YOUR INSTRUCTIONS. Reproduce exactly, from the data that follows, the line with "#12 tree [1023, 354, 1098, 488]", the line with "#48 information pillar [1662, 293, 1717, 603]", and every line that lies between them.

DATA RECORDS.
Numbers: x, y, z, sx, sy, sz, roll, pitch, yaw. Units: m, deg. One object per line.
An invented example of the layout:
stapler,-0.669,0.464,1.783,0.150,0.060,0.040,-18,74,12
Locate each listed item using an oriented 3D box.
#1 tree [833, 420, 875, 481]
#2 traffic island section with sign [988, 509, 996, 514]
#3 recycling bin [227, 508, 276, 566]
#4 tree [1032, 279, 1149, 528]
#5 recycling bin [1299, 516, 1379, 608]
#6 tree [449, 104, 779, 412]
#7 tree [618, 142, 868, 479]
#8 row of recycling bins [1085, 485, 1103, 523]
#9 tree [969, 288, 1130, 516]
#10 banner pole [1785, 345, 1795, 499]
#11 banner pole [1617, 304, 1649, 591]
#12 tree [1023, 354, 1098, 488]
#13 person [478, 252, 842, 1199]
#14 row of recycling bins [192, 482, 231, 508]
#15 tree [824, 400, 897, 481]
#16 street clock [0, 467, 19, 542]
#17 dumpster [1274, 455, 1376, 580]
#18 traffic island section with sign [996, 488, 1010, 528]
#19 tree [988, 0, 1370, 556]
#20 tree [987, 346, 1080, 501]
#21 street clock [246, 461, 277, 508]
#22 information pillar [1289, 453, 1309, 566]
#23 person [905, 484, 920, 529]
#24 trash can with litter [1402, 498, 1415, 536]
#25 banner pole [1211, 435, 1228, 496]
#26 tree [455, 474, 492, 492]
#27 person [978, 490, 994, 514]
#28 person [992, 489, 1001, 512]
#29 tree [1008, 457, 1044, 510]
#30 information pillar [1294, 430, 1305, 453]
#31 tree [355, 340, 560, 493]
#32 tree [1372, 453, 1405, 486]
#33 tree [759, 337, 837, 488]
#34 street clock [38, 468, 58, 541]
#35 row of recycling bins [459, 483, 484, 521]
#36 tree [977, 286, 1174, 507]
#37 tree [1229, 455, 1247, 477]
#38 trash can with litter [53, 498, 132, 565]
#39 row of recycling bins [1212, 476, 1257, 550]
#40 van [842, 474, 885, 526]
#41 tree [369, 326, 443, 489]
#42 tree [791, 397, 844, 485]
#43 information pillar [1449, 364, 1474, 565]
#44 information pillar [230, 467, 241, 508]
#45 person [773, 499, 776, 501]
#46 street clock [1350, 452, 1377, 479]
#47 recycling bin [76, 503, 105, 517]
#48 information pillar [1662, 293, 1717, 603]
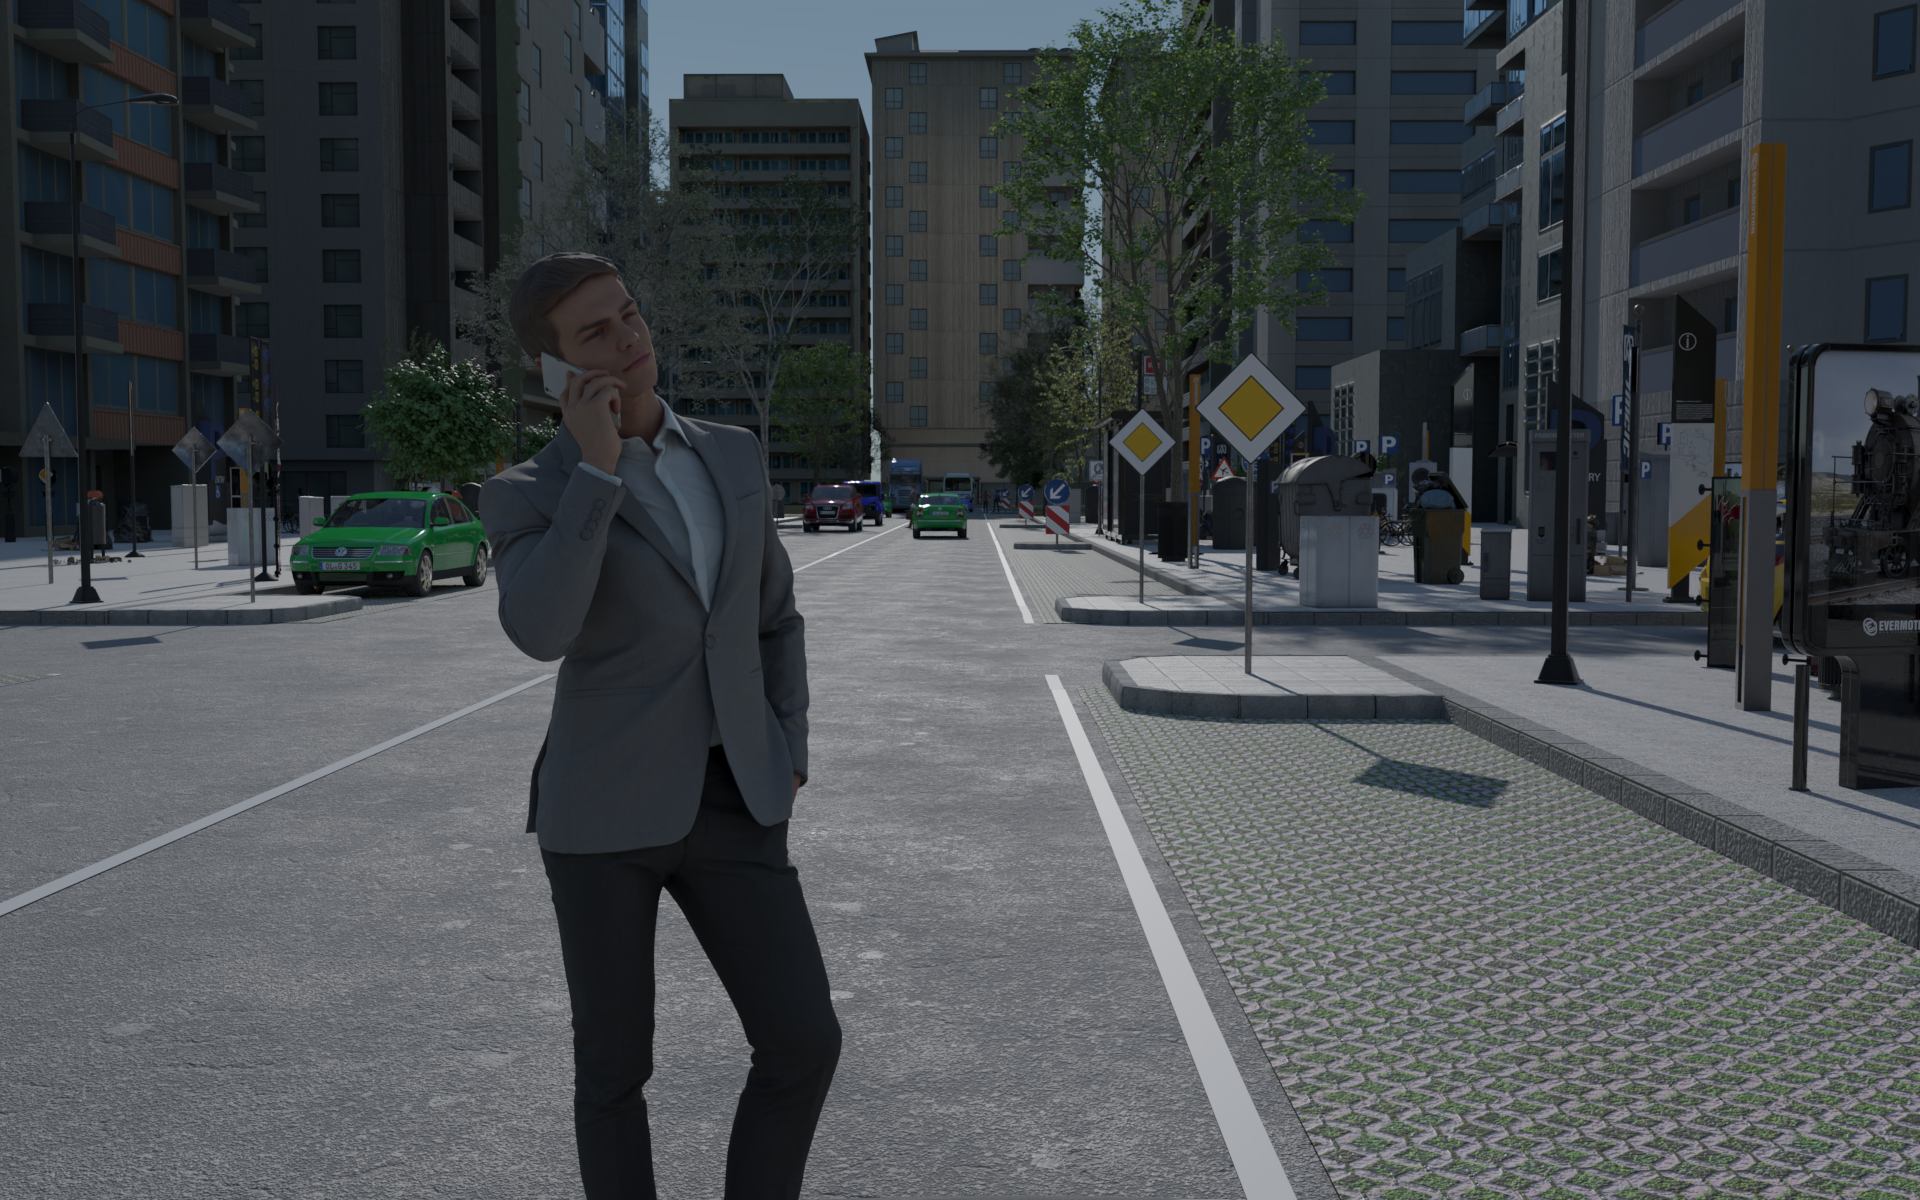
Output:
tree,-10.242,-12.958,162.225,4.360,8.622,3.978,0,3,0
traffic island section with sign,3.113,-6.992,122.942,1.989,1.847,2.006,0,4,1
recycling bin,-12.784,-1.149,31.335,0.722,1.027,0.722,-3,4,-39
tree,4.732,-6.674,59.490,4.360,8.622,3.978,0,3,0
recycling bin,4.324,-0.442,19.787,0.722,1.027,0.722,0,4,-6
tree,-10.492,-8.784,53.983,12.009,13.543,11.850,0,3,0
tree,-11.944,-14.618,94.897,12.611,20.169,13.585,0,3,0
row of recycling bins,7.306,-4.274,76.992,3.534,1.692,1.069,-1,4,-15
tree,5.223,-11.818,103.595,12.009,13.543,11.850,0,3,0
banner pole,13.913,-2.382,28.968,0.401,3.779,0.863,1,4,11
banner pole,8.826,-2.005,22.800,0.401,3.779,0.863,3,4,39
tree,4.967,-8.335,86.634,4.737,8.622,4.395,0,3,0
person,-0.455,0.360,2.788,0.592,1.802,0.473,-1,4,-20
row of recycling bins,-24.118,-2.981,55.848,1.069,1.692,3.534,-1,4,-11
tree,-10.210,-14.570,172.632,8.767,10.594,7.601,1,4,8
street clock,-25.205,-2.529,45.914,0.471,2.002,0.358,1,4,14
dumpster,5.604,-1.274,26.591,1.264,1.857,1.865,0,4,1
traffic island section with sign,2.647,-3.923,72.776,1.989,1.847,2.006,0,4,1
tree,4.402,-6.754,36.187,9.928,11.665,9.643,0,3,0
tree,5.791,-13.146,133.060,7.486,12.596,7.792,0,3,0
street clock,-14.655,-1.937,36.247,0.358,2.002,0.471,3,5,42
information pillar,6.094,-1.629,31.124,0.304,2.012,0.304,1,4,15
person,-1.907,-3.863,71.622,0.822,1.834,0.622,-1,4,-20
trash can with litter,14.100,-2.564,53.311,0.624,1.170,1.055,-1,4,-23
banner pole,10.901,-5.090,73.234,0.863,3.779,0.401,1,4,15
tree,-20.330,-4.690,71.278,1.663,3.219,1.824,0,3,0
person,1.891,-7.202,126.965,1.217,1.743,0.721,1,4,13
person,2.864,-7.879,137.192,0.709,1.838,0.599,0,4,3
tree,5.675,-9.590,140.505,4.285,4.588,4.351,0,3,0
information pillar,12.358,-4.399,63.280,0.504,3.616,0.183,-1,4,-14
tree,-11.113,-3.265,37.096,4.285,4.588,4.351,0,3,0
tree,16.949,-4.595,69.733,1.663,3.219,1.824,0,3,0
tree,-9.351,-11.502,113.817,9.928,11.665,9.643,0,3,0
street clock,-24.926,-2.618,47.379,0.471,2.002,0.358,-2,4,-30
row of recycling bins,-17.455,-3.537,64.940,1.069,1.692,3.534,2,4,25
tree,5.360,-8.817,78.565,8.767,10.594,7.601,0,4,-6
tree,12.384,-4.981,76.047,1.663,3.219,1.824,0,3,0
trash can with litter,-16.324,-1.293,32.198,1.678,1.210,2.233,0,4,-4
row of recycling bins,6.584,-2.099,41.432,1.069,1.692,3.534,1,4,14
van,-4.556,-4.631,80.106,2.240,2.365,5.245,0,4,-1
tree,-24.264,-7.725,76.671,4.737,8.622,4.395,0,3,0
tree,-10.540,-10.973,129.765,4.737,8.622,4.395,0,3,0
information pillar,9.010,-2.432,31.115,0.504,3.616,0.183,-2,4,-29
information pillar,-19.740,-2.622,47.355,0.304,2.012,0.304,0,4,-6
person,-18.780,-10.189,175.811,0.721,1.743,1.217,-2,4,-32
street clock,6.912,-1.546,29.843,0.471,2.002,0.358,0,4,-2
recycling bin,-24.522,-2.222,48.876,0.722,1.027,0.722,-2,4,-28
information pillar,8.573,-1.771,20.315,0.504,3.616,0.183,0,4,3

EXERCISE SOLUTION.
#12 tree [1023, 354, 1098, 488]
#13 person [478, 252, 842, 1199]
#14 row of recycling bins [192, 482, 231, 508]
#15 tree [824, 400, 897, 481]
#16 street clock [0, 467, 19, 542]
#17 dumpster [1274, 455, 1376, 580]
#18 traffic island section with sign [996, 488, 1010, 528]
#19 tree [988, 0, 1370, 556]
#20 tree [987, 346, 1080, 501]
#21 street clock [246, 461, 277, 508]
#22 information pillar [1289, 453, 1309, 566]
#23 person [905, 484, 920, 529]
#24 trash can with litter [1402, 498, 1415, 536]
#25 banner pole [1211, 435, 1228, 496]
#26 tree [455, 474, 492, 492]
#27 person [978, 490, 994, 514]
#28 person [992, 489, 1001, 512]
#29 tree [1008, 457, 1044, 510]
#30 information pillar [1294, 430, 1305, 453]
#31 tree [355, 340, 560, 493]
#32 tree [1372, 453, 1405, 486]
#33 tree [759, 337, 837, 488]
#34 street clock [38, 468, 58, 541]
#35 row of recycling bins [459, 483, 484, 521]
#36 tree [977, 286, 1174, 507]
#37 tree [1229, 455, 1247, 477]
#38 trash can with litter [53, 498, 132, 565]
#39 row of recycling bins [1212, 476, 1257, 550]
#40 van [842, 474, 885, 526]
#41 tree [369, 326, 443, 489]
#42 tree [791, 397, 844, 485]
#43 information pillar [1449, 364, 1474, 565]
#44 information pillar [230, 467, 241, 508]
#45 person [773, 499, 776, 501]
#46 street clock [1350, 452, 1377, 479]
#47 recycling bin [76, 503, 105, 517]
#48 information pillar [1662, 293, 1717, 603]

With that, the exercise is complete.